- _DATASET RECORDS_:
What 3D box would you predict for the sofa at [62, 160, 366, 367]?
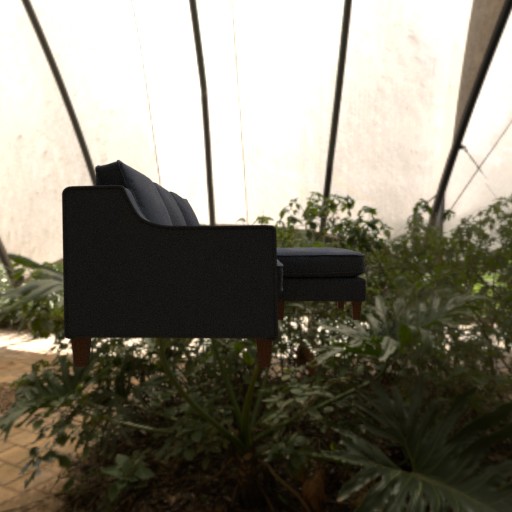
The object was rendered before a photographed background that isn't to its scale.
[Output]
[{"bbox_3d":[0.000,0.000,3.289,1.858,1.066,2.317,0,1,0],"label":"sofa"}]
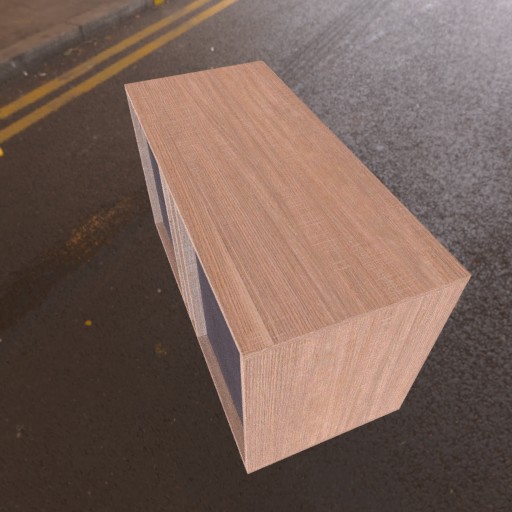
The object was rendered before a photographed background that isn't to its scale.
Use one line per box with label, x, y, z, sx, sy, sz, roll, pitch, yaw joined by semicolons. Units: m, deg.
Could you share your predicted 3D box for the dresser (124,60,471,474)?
dresser;0.000;0.000;1.476;0.500;0.780;1.110;-16;49;-15
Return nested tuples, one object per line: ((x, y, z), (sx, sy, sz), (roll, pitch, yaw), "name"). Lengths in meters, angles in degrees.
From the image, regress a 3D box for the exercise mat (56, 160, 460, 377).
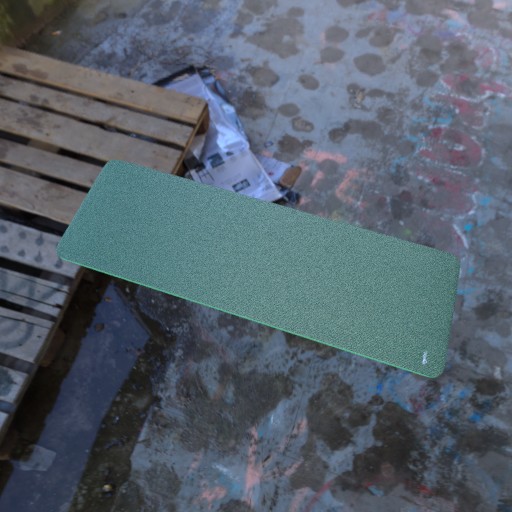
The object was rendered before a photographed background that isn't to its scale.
((0.000, 0.000, 2.123), (1.869, 0.021, 0.616), (17, 65, 8), "exercise mat")

- _AIM OF THE TASK_: Omit the pictures and repeat the rest of the listing verbatim.

- _ANSWER BELOW_:
What 3D box would you predict for the sofa at [62, 160, 366, 367]?
The object was rendered before a photographed background that isn't to its scale.
[Output]
[{"bbox_3d":[0.000,0.000,3.289,1.858,1.066,2.317,0,1,0],"label":"sofa"}]
The object was rendered before a photographed background that isn't to its scale.
Use one line per box with label, x, y, z, sx, sy, sz, roll, pitch, yaw joined by semicolons. Units: m, deg.
Could you share your predicted 3D box for the dresser (124,60,471,474)?
dresser;0.000;0.000;1.476;0.500;0.780;1.110;-16;49;-15
Return nested tuples, one object per line: ((x, y, z), (sx, sy, sz), (roll, pitch, yaw), "name"). Lengths in meters, angles in degrees.
From the image, regress a 3D box for the exercise mat (56, 160, 460, 377).
The object was rendered before a photographed background that isn't to its scale.
((0.000, 0.000, 2.123), (1.869, 0.021, 0.616), (17, 65, 8), "exercise mat")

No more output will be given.